# If dG is a state function, why do reversible and irreversible paths differ?

For a reversible process at constant T,P in a closed system with no non-expansion work dG = 0. For an irreversible process under the same conditions, dG < 0. Since dG is a state function I would expect two process at the same T,P to give the same result just as dS is calculated for reversible processes but can be applied to any process with the same initial and final states. I suspect that I have incorrectly assumed that the states for dG are the same but I'm unsure.

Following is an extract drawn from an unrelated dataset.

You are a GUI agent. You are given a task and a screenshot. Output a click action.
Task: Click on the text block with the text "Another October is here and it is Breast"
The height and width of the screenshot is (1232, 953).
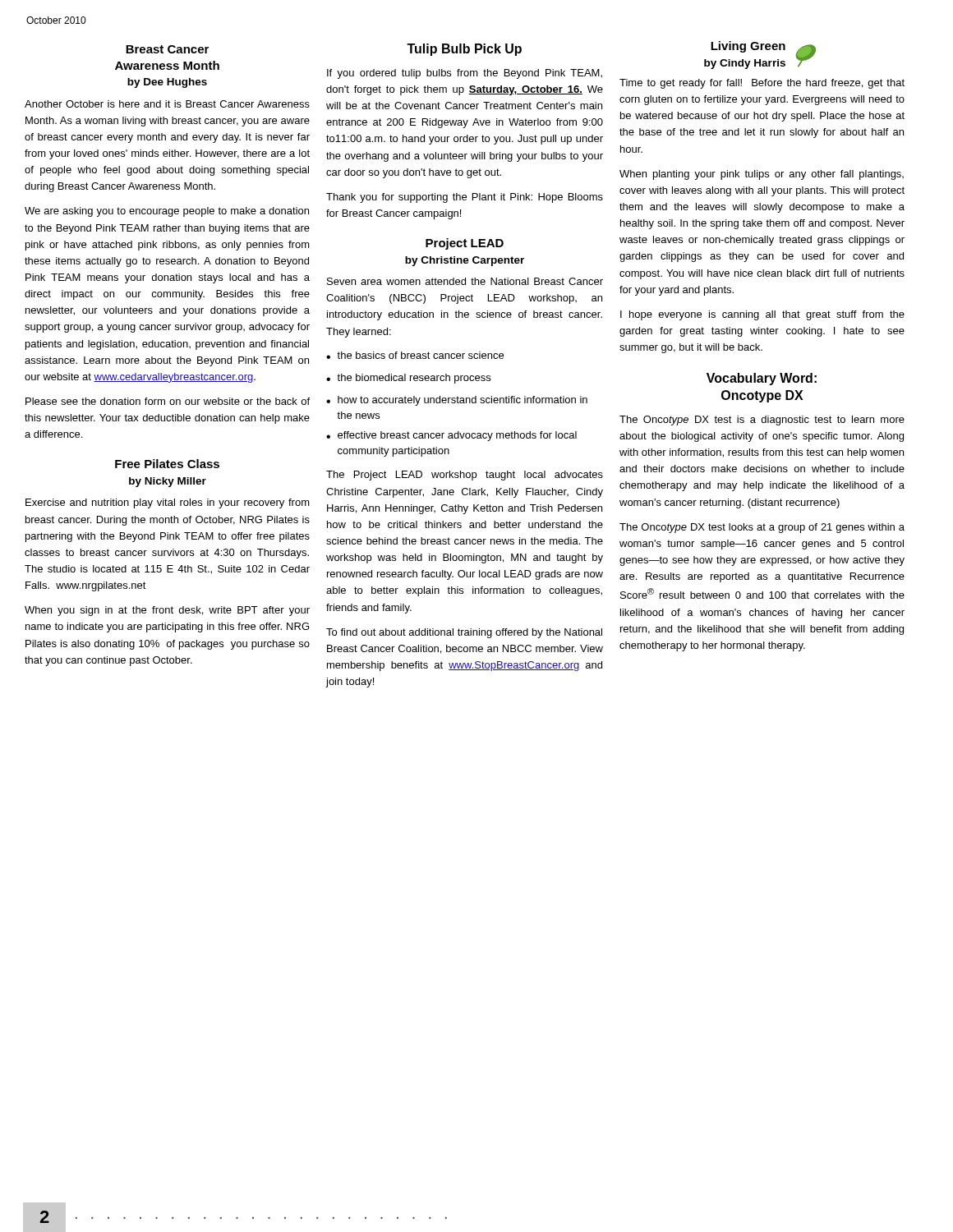coord(167,145)

• G is not only a function of T and P, but also a function of chemical composition. Jun 14, 2018 at 19:05
• Right, but in this case I'm assuming single phase pure substances so that n is constant.
– Yuki
Jun 14, 2018 at 19:24
• For the same initial and final states of the system, it has to be the same. If you have a single phase pure substance and the initial and final temperatures and pressure are the same, then $\Delta G$ of the system is zero, irrespective of the path. Of course, the intermediate states can vary, and the changes in the surroundings may be different. Jun 14, 2018 at 19:31
• Can you provide a specific example that we can discuss? Jun 14, 2018 at 19:51
• I think I figured it out. For a constant T,P process heat is dq=dH and is no longer a path function so that dG=0 regardless of whether the process is reversible or irreversible. dG is only <0 if there is a change in another variable such as n1,n2... or if we get rid of the constant P condition.